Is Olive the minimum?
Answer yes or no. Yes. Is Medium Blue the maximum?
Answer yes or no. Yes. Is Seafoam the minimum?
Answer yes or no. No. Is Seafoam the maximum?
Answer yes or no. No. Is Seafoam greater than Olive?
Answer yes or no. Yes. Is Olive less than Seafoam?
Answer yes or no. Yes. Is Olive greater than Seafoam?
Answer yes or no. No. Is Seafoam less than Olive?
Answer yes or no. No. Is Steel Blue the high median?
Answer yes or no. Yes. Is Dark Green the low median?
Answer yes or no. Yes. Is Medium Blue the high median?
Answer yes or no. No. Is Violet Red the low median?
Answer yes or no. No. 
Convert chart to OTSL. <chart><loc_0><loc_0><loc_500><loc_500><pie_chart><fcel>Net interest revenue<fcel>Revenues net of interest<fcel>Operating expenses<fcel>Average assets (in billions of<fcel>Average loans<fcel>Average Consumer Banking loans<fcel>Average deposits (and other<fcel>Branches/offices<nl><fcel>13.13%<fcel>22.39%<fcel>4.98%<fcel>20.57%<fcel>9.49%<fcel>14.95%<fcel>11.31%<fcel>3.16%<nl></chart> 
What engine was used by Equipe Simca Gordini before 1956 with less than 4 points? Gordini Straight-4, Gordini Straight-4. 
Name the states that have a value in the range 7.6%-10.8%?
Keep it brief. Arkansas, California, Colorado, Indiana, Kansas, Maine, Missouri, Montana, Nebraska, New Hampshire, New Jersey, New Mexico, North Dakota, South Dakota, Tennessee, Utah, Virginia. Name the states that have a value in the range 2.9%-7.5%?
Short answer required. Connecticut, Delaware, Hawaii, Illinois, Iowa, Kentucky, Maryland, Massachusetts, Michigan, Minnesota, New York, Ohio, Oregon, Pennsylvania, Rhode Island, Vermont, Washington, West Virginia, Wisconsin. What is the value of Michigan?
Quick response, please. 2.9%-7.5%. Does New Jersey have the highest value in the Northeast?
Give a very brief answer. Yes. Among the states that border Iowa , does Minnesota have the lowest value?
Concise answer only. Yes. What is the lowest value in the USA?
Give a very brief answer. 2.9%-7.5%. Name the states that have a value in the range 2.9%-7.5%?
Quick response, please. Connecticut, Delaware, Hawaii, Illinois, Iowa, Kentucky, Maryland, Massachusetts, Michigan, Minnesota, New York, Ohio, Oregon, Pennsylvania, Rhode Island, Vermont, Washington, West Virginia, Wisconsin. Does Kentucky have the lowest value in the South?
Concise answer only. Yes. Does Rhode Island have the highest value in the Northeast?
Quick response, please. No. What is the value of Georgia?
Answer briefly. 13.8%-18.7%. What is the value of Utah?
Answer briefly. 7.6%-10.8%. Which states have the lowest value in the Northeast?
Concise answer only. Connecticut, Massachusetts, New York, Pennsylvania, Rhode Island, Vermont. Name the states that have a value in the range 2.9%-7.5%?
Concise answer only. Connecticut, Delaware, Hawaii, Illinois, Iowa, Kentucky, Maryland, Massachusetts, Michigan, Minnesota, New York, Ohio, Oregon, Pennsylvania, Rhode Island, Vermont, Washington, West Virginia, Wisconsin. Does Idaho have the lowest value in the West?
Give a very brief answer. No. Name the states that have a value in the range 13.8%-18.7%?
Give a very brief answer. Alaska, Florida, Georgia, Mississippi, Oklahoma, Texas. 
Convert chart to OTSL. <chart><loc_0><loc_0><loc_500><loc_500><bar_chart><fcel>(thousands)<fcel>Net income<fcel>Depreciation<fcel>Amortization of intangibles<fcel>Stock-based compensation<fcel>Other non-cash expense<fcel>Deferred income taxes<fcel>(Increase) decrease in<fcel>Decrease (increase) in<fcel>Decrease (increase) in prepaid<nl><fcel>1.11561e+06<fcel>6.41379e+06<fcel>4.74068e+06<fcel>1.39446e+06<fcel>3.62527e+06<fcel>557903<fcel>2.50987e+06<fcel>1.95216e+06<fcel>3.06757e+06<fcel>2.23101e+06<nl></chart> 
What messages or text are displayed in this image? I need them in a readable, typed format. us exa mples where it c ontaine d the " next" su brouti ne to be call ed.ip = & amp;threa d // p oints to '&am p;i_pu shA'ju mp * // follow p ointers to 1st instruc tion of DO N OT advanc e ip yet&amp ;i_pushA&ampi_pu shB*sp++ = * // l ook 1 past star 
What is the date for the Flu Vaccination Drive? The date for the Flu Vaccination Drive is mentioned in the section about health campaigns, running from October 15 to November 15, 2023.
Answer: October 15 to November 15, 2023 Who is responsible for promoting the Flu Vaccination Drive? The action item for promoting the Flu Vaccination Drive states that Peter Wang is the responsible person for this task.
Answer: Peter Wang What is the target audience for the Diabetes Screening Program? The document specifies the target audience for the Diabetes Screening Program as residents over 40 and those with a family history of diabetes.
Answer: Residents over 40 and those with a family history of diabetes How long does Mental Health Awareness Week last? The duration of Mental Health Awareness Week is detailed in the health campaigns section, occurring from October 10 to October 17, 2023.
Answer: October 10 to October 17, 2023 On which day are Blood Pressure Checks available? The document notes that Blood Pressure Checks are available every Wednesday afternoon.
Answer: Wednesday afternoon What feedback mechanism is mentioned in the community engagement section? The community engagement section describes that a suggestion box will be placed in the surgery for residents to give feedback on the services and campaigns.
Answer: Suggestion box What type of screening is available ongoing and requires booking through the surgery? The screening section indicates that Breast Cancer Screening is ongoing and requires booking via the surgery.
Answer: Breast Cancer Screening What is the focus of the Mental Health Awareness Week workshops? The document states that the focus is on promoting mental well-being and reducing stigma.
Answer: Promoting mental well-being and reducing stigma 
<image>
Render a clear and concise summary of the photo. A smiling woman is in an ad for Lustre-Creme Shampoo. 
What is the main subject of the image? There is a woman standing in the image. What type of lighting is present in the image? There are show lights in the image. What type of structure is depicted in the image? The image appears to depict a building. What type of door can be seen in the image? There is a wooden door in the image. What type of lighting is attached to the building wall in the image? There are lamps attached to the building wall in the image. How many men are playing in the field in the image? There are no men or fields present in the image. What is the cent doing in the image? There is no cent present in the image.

■ ■ ■ ■ ■ ■ ■

EXERCISE DETAILS: Using the data above, copy each line that contains "Seafoam".

WORKED SOLUTION:
Answer yes or no. Yes. Is Seafoam the minimum?
Answer yes or no. No. Is Seafoam the maximum?
Answer yes or no. No. Is Seafoam greater than Olive?
Answer yes or no. Yes. Is Olive less than Seafoam?
Answer yes or no. Yes. Is Olive greater than Seafoam?
Answer yes or no. No. Is Seafoam less than Olive?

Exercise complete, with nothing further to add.